As a natural next step, we show how to efficiently learn an entire distribution of policy values, rather than just its mean and variance. The distributional representation of epistemic uncertainty around values is more expressive and allows for a wider range of policy optimization objectives while having low computational overhead. Furthermore, empirical evaluation in diverse control tasks indicate a substantial improvement in final performance and sample-efficiency over state-of-the-art methods.

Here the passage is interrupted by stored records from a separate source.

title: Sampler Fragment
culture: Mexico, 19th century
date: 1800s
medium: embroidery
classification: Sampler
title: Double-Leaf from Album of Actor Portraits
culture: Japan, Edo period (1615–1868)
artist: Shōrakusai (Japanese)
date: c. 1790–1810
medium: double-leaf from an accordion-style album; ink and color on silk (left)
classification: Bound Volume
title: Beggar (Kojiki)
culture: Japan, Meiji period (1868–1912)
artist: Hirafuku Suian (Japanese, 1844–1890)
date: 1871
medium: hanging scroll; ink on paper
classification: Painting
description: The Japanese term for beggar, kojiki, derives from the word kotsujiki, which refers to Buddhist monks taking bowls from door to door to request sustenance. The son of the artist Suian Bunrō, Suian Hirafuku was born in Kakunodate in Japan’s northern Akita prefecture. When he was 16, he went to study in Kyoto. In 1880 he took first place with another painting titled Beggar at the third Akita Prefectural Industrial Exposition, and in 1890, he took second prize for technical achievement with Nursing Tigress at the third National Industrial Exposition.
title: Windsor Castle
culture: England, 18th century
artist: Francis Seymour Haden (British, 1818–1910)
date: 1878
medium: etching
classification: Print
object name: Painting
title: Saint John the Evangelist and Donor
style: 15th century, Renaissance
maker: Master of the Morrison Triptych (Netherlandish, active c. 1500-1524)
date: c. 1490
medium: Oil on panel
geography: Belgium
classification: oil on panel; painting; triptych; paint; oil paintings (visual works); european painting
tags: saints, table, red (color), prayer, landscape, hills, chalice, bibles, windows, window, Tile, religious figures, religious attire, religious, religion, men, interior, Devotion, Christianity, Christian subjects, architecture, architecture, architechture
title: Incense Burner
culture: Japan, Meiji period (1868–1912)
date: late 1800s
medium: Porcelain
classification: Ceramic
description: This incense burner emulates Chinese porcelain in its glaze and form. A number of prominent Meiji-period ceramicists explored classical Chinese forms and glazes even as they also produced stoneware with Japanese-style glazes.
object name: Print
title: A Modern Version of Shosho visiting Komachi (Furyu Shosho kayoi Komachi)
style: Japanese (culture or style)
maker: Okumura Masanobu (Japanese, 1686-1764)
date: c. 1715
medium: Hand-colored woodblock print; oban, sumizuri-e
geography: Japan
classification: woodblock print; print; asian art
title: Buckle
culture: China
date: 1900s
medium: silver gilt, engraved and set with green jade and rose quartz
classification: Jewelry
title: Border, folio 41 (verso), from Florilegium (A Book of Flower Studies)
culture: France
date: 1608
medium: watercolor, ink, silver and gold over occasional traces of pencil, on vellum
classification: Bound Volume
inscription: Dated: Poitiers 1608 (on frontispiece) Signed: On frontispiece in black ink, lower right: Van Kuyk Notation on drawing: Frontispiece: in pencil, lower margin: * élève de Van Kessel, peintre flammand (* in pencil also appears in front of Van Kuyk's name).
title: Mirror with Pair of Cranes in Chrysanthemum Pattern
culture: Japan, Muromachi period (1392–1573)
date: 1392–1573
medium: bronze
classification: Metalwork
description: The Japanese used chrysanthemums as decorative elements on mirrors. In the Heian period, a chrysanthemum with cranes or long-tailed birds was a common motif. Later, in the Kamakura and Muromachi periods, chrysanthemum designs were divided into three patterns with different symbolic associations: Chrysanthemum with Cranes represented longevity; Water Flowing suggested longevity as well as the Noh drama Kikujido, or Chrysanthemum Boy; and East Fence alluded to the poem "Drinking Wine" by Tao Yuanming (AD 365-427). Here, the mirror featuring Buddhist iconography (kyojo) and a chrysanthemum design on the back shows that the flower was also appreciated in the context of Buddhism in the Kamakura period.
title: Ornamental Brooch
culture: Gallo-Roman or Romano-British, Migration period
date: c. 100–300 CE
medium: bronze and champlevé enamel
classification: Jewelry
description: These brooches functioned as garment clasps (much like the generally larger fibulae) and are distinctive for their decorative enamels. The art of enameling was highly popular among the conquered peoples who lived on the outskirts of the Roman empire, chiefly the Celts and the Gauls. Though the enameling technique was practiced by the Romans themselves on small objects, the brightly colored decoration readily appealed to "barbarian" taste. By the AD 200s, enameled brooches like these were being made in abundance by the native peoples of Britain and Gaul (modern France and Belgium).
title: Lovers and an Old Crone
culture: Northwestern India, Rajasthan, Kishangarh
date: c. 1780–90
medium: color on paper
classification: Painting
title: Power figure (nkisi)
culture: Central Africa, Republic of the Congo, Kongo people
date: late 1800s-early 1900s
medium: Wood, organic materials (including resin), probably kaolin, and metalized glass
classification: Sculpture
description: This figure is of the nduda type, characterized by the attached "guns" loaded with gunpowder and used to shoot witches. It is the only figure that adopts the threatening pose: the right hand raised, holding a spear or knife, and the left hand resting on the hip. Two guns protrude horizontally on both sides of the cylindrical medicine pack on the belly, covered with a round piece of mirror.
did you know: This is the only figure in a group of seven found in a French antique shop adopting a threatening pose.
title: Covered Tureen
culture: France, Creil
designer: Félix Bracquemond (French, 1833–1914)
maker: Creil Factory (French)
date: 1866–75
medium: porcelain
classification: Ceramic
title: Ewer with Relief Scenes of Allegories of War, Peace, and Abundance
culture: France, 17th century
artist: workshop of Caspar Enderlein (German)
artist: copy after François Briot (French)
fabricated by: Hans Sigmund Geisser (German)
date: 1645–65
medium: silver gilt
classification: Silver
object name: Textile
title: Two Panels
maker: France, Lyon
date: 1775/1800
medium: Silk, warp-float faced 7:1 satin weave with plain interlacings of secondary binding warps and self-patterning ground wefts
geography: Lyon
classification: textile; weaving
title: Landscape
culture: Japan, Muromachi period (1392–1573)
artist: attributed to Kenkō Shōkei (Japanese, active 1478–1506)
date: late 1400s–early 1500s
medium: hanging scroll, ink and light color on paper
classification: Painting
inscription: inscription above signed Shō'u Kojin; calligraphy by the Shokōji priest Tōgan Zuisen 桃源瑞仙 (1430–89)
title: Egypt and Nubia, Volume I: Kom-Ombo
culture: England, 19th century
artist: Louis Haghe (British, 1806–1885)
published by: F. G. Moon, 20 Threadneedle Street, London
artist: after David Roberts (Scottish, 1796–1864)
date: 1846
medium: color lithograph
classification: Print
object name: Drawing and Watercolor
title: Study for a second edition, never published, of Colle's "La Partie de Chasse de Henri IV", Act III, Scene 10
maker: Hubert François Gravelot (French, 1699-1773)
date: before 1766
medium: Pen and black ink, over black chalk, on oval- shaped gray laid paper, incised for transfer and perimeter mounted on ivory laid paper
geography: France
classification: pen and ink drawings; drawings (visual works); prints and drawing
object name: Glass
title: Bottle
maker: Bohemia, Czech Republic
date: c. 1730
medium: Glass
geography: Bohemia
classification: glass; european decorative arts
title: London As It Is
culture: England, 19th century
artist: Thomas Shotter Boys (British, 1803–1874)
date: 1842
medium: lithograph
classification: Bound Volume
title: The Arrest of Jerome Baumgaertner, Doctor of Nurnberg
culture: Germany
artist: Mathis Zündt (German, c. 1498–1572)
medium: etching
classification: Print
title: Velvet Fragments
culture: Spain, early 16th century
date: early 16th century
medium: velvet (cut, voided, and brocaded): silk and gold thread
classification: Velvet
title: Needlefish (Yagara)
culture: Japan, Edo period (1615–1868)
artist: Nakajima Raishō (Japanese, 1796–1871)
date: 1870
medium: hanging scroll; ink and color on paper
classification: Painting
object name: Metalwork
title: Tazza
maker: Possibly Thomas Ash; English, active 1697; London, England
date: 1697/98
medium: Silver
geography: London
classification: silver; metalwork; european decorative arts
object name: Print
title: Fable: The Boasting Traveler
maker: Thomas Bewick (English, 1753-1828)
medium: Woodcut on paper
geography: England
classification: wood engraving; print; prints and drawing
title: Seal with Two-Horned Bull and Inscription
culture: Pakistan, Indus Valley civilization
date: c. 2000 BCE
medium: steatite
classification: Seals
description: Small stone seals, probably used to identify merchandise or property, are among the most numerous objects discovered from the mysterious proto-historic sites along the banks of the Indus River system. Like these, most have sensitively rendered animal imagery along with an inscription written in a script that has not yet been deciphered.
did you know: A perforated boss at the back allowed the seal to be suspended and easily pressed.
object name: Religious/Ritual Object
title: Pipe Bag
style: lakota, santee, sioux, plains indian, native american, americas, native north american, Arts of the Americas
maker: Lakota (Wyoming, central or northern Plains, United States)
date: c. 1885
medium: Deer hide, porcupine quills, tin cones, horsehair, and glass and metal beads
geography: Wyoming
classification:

Next, we consider the problem of partial observability in model-free RL. That is, the environment observations provide limited information for decision-making, therefore the hidden state of the environment must be infered from trajectory data. In this setting, we propose sequence models composed of Kalman filter (KF) layers that perform closed-form Gaussian inference in linear state-space models and train them end-to-end to maximize returns. By design, the KF layers are a drop-in replacement of previous recurrent layers in model-free architectures, but they are equipped with an explicit mechanism for probabilistic filtering of the latent state representation. We empirically demonstrate that KF layers excel in tasks where reasoning over uncertainty is crucial for decision-making.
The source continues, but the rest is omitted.